# YOUR GOAL
The response should be the records below, repeated exactly, with each picture left out.

# DATA
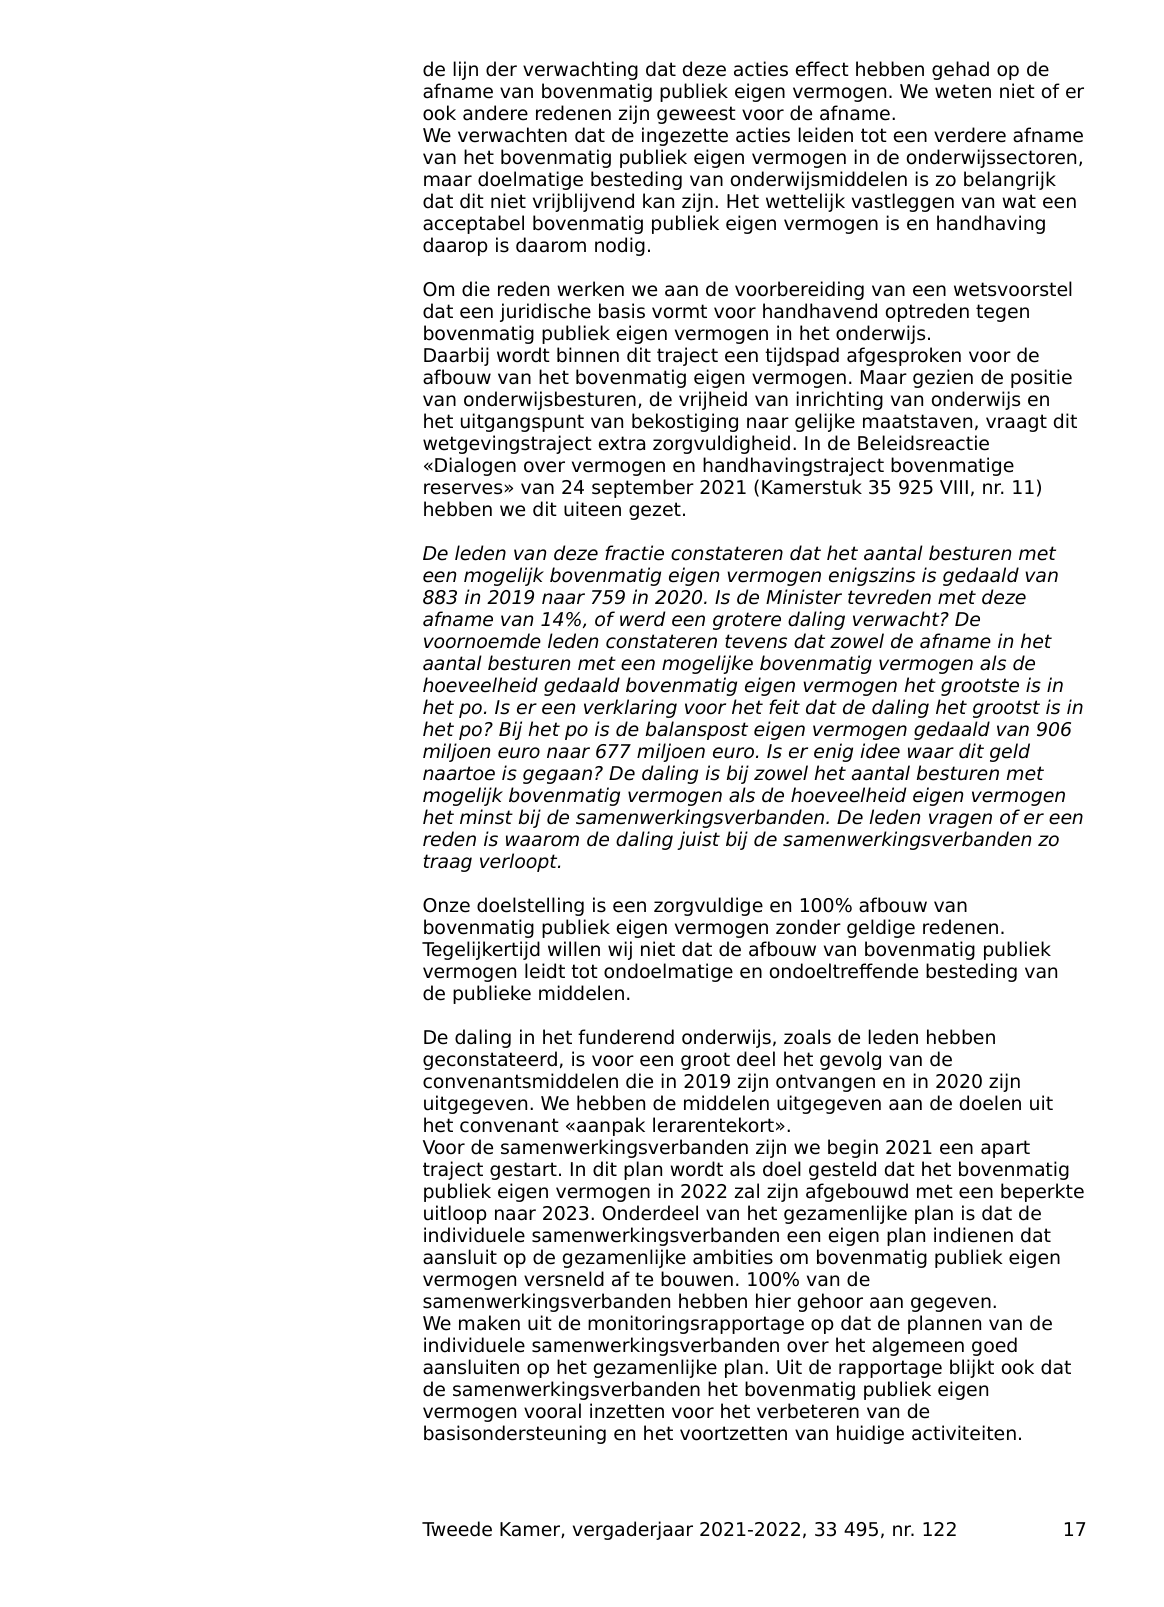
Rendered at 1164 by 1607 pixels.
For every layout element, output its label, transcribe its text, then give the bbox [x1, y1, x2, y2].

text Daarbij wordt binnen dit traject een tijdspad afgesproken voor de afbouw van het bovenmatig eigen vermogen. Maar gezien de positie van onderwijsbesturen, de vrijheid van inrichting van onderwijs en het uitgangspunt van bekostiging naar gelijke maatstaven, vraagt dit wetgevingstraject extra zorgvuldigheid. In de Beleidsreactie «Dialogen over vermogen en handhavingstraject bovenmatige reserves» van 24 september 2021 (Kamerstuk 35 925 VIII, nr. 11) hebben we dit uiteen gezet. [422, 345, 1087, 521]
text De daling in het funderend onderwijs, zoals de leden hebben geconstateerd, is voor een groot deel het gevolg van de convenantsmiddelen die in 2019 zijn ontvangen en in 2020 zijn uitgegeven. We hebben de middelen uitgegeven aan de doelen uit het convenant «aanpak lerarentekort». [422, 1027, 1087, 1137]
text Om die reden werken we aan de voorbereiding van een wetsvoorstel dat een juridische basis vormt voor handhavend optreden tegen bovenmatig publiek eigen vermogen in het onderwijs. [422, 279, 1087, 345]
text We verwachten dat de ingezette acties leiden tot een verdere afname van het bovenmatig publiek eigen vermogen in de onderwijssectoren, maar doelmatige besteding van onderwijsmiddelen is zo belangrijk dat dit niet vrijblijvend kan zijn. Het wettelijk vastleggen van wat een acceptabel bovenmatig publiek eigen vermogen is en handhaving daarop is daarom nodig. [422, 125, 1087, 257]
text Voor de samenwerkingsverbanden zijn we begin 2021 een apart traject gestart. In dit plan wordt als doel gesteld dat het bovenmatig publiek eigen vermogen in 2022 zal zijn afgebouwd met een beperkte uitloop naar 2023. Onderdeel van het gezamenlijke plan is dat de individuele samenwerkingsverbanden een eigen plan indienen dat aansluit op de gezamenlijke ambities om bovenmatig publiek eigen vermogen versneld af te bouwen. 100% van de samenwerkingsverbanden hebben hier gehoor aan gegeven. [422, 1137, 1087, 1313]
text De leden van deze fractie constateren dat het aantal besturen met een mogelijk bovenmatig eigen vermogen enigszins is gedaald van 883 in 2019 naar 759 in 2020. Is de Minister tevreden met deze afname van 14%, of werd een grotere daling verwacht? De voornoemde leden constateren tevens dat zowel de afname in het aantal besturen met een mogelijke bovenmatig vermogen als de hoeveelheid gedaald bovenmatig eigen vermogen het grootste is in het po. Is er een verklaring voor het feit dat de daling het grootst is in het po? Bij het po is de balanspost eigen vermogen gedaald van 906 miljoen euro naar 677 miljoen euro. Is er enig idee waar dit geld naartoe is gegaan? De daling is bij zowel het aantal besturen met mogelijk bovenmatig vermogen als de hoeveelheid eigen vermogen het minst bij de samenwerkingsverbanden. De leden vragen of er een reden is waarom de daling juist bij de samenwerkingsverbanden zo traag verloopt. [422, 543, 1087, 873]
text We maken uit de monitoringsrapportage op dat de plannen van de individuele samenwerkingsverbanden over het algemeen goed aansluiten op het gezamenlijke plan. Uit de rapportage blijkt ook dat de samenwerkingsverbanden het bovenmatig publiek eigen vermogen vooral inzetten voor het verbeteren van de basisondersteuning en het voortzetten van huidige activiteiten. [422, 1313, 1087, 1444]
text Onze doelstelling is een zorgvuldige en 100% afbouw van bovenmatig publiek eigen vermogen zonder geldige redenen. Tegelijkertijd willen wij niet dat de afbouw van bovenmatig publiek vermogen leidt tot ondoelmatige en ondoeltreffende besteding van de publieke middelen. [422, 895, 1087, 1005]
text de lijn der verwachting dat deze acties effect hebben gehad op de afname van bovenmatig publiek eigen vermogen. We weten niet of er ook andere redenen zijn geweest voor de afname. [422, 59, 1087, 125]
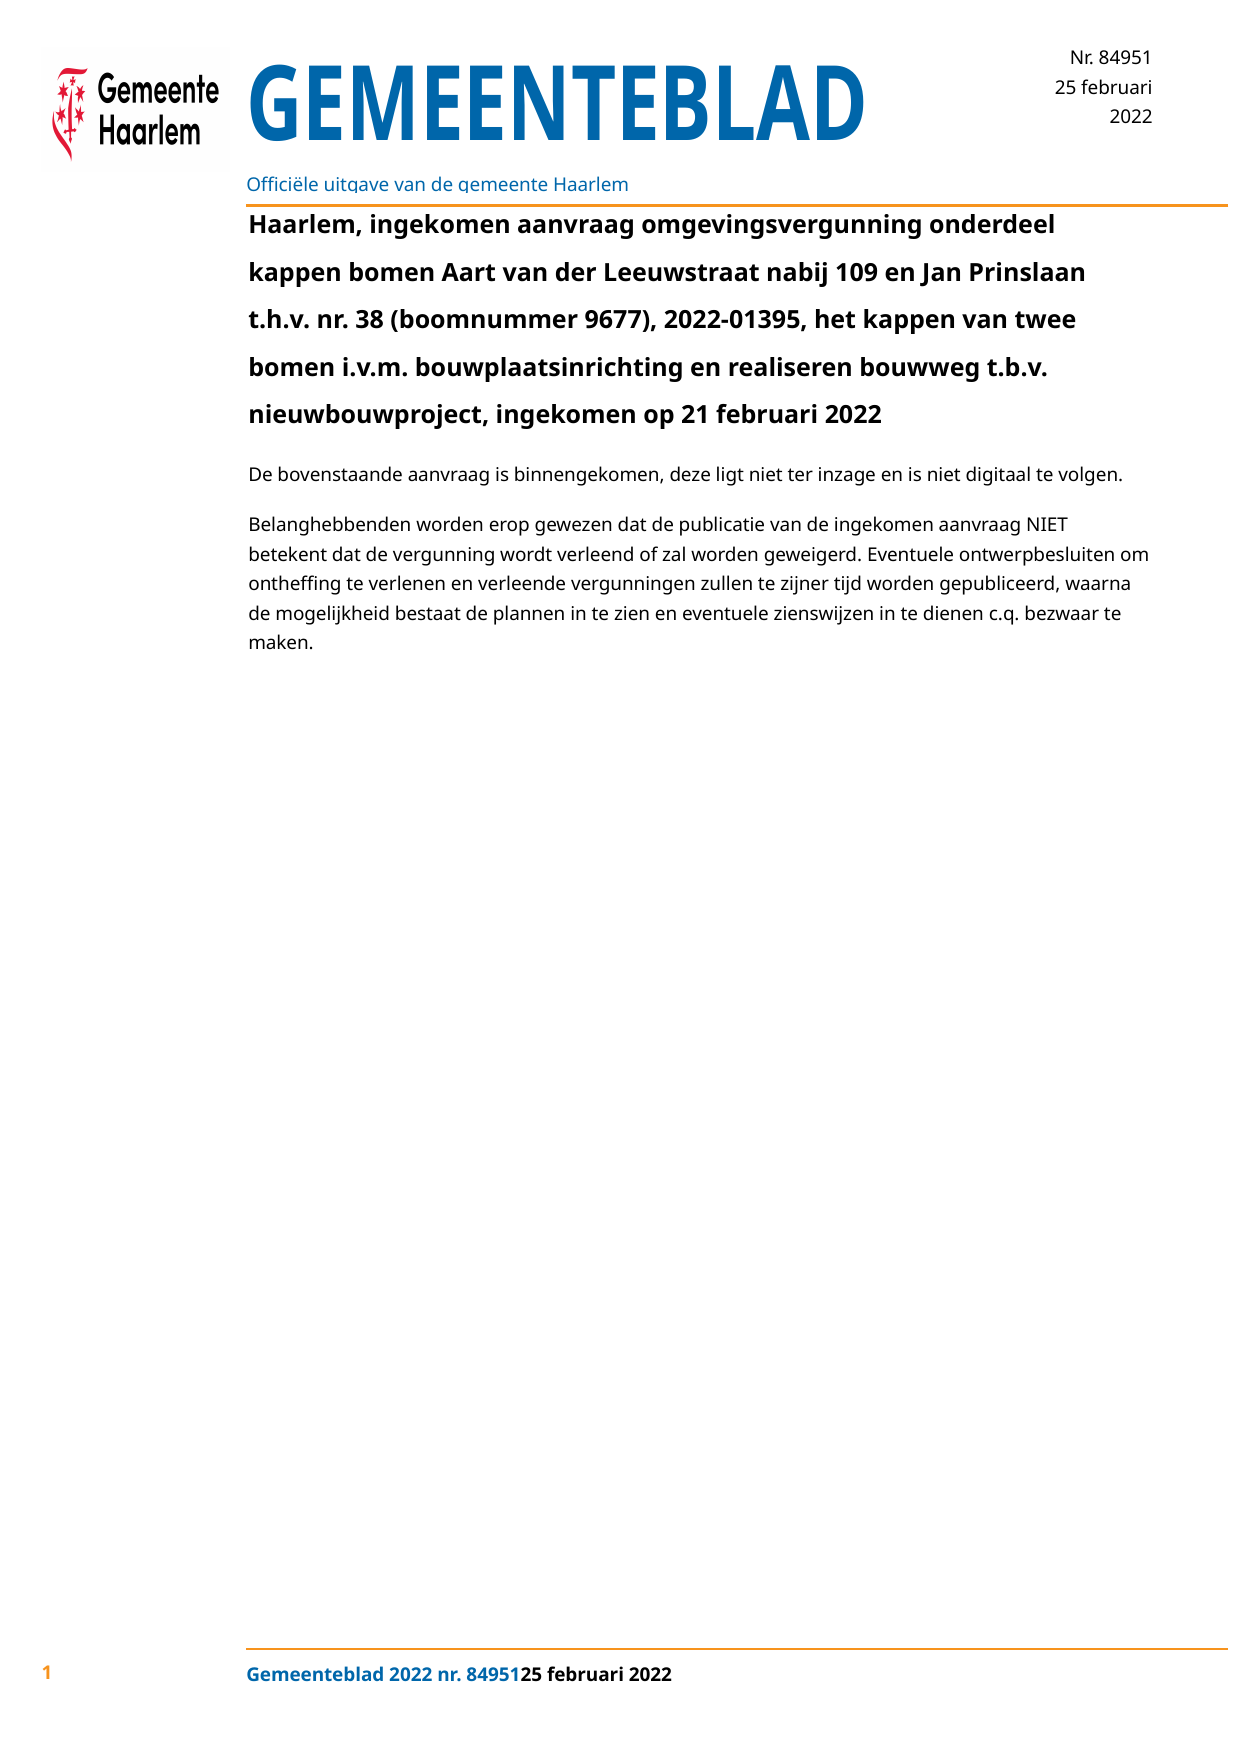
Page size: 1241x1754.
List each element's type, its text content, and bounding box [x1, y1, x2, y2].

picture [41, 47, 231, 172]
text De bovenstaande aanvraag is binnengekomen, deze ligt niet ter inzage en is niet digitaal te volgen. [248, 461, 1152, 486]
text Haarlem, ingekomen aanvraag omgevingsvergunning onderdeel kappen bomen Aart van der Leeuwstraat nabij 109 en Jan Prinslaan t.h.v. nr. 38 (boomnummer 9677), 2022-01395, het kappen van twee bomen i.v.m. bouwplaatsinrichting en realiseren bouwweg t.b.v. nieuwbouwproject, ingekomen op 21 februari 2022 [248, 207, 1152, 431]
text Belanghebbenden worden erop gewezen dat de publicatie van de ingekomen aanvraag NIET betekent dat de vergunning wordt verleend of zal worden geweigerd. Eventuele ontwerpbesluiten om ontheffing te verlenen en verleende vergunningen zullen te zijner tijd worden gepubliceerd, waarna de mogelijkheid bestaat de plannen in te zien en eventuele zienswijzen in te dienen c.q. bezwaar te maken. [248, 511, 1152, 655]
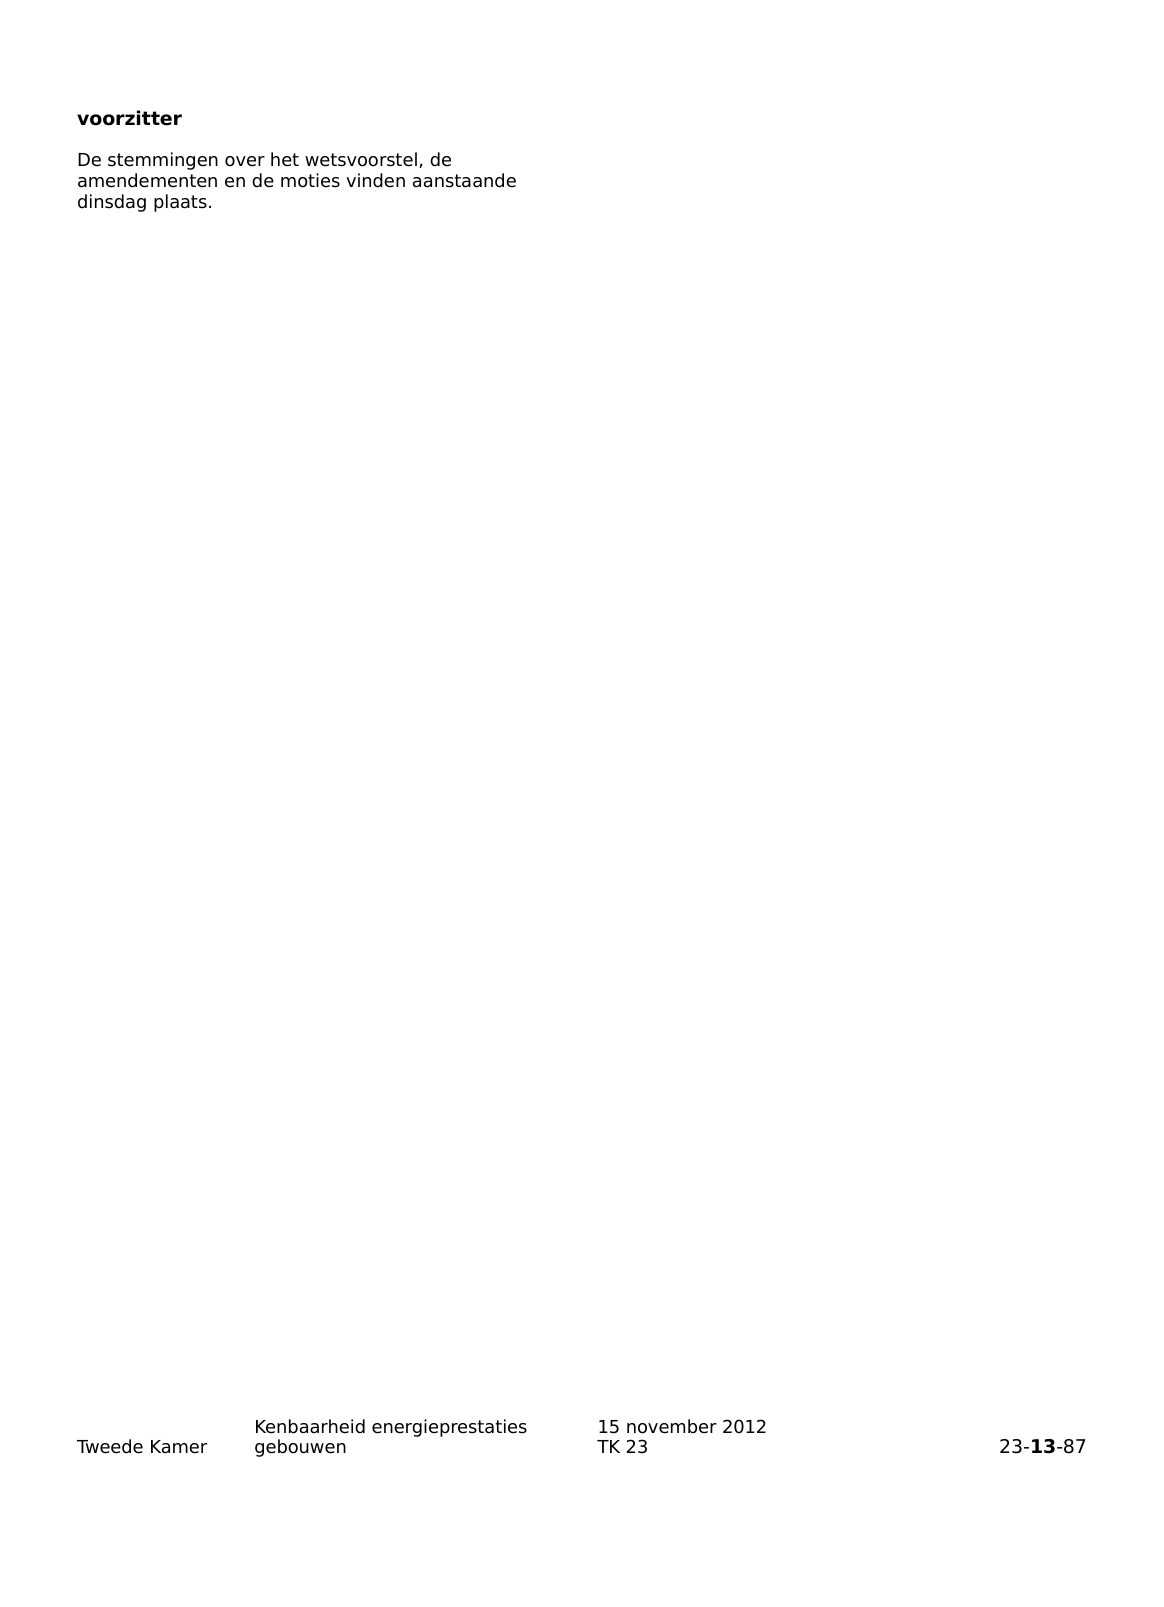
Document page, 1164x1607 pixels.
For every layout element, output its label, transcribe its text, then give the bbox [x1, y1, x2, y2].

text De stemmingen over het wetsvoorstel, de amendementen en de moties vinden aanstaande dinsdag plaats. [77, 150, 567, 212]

# TASK RESPONSE
Rendered at 1164 by 1607 pixels.
For every layout element, output its label, transcribe its text, then give the bbox [x1, y1, x2, y2].

text Daarbij wordt binnen dit traject een tijdspad afgesproken voor de afbouw van het bovenmatig eigen vermogen. Maar gezien de positie van onderwijsbesturen, de vrijheid van inrichting van onderwijs en het uitgangspunt van bekostiging naar gelijke maatstaven, vraagt dit wetgevingstraject extra zorgvuldigheid. In de Beleidsreactie «Dialogen over vermogen en handhavingstraject bovenmatige reserves» van 24 september 2021 (Kamerstuk 35 925 VIII, nr. 11) hebben we dit uiteen gezet. [422, 345, 1087, 521]
text De daling in het funderend onderwijs, zoals de leden hebben geconstateerd, is voor een groot deel het gevolg van de convenantsmiddelen die in 2019 zijn ontvangen en in 2020 zijn uitgegeven. We hebben de middelen uitgegeven aan de doelen uit het convenant «aanpak lerarentekort». [422, 1027, 1087, 1137]
text Om die reden werken we aan de voorbereiding van een wetsvoorstel dat een juridische basis vormt voor handhavend optreden tegen bovenmatig publiek eigen vermogen in het onderwijs. [422, 279, 1087, 345]
text We verwachten dat de ingezette acties leiden tot een verdere afname van het bovenmatig publiek eigen vermogen in de onderwijssectoren, maar doelmatige besteding van onderwijsmiddelen is zo belangrijk dat dit niet vrijblijvend kan zijn. Het wettelijk vastleggen van wat een acceptabel bovenmatig publiek eigen vermogen is en handhaving daarop is daarom nodig. [422, 125, 1087, 257]
text Voor de samenwerkingsverbanden zijn we begin 2021 een apart traject gestart. In dit plan wordt als doel gesteld dat het bovenmatig publiek eigen vermogen in 2022 zal zijn afgebouwd met een beperkte uitloop naar 2023. Onderdeel van het gezamenlijke plan is dat de individuele samenwerkingsverbanden een eigen plan indienen dat aansluit op de gezamenlijke ambities om bovenmatig publiek eigen vermogen versneld af te bouwen. 100% van de samenwerkingsverbanden hebben hier gehoor aan gegeven. [422, 1137, 1087, 1313]
text De leden van deze fractie constateren dat het aantal besturen met een mogelijk bovenmatig eigen vermogen enigszins is gedaald van 883 in 2019 naar 759 in 2020. Is de Minister tevreden met deze afname van 14%, of werd een grotere daling verwacht? De voornoemde leden constateren tevens dat zowel de afname in het aantal besturen met een mogelijke bovenmatig vermogen als de hoeveelheid gedaald bovenmatig eigen vermogen het grootste is in het po. Is er een verklaring voor het feit dat de daling het grootst is in het po? Bij het po is de balanspost eigen vermogen gedaald van 906 miljoen euro naar 677 miljoen euro. Is er enig idee waar dit geld naartoe is gegaan? De daling is bij zowel het aantal besturen met mogelijk bovenmatig vermogen als de hoeveelheid eigen vermogen het minst bij de samenwerkingsverbanden. De leden vragen of er een reden is waarom de daling juist bij de samenwerkingsverbanden zo traag verloopt. [422, 543, 1087, 873]
text We maken uit de monitoringsrapportage op dat de plannen van de individuele samenwerkingsverbanden over het algemeen goed aansluiten op het gezamenlijke plan. Uit de rapportage blijkt ook dat de samenwerkingsverbanden het bovenmatig publiek eigen vermogen vooral inzetten voor het verbeteren van de basisondersteuning en het voortzetten van huidige activiteiten. [422, 1313, 1087, 1444]
text Onze doelstelling is een zorgvuldige en 100% afbouw van bovenmatig publiek eigen vermogen zonder geldige redenen. Tegelijkertijd willen wij niet dat de afbouw van bovenmatig publiek vermogen leidt tot ondoelmatige en ondoeltreffende besteding van de publieke middelen. [422, 895, 1087, 1005]
text de lijn der verwachting dat deze acties effect hebben gehad op de afname van bovenmatig publiek eigen vermogen. We weten niet of er ook andere redenen zijn geweest voor de afname. [422, 59, 1087, 125]
Page size: 1241x1754.
List each element's type, its text content, and bounding box [x1, y1, x2, y2].

picture [41, 47, 231, 172]
text De bovenstaande aanvraag is binnengekomen, deze ligt niet ter inzage en is niet digitaal te volgen. [248, 461, 1152, 486]
text Haarlem, ingekomen aanvraag omgevingsvergunning onderdeel kappen bomen Aart van der Leeuwstraat nabij 109 en Jan Prinslaan t.h.v. nr. 38 (boomnummer 9677), 2022-01395, het kappen van twee bomen i.v.m. bouwplaatsinrichting en realiseren bouwweg t.b.v. nieuwbouwproject, ingekomen op 21 februari 2022 [248, 207, 1152, 431]
text Belanghebbenden worden erop gewezen dat de publicatie van de ingekomen aanvraag NIET betekent dat de vergunning wordt verleend of zal worden geweigerd. Eventuele ontwerpbesluiten om ontheffing te verlenen en verleende vergunningen zullen te zijner tijd worden gepubliceerd, waarna de mogelijkheid bestaat de plannen in te zien en eventuele zienswijzen in te dienen c.q. bezwaar te maken. [248, 511, 1152, 655]
Document page, 1164x1607 pixels.
For every layout element, output its label, transcribe its text, then give the bbox [x1, y1, x2, y2].

text De stemmingen over het wetsvoorstel, de amendementen en de moties vinden aanstaande dinsdag plaats. [77, 150, 567, 212]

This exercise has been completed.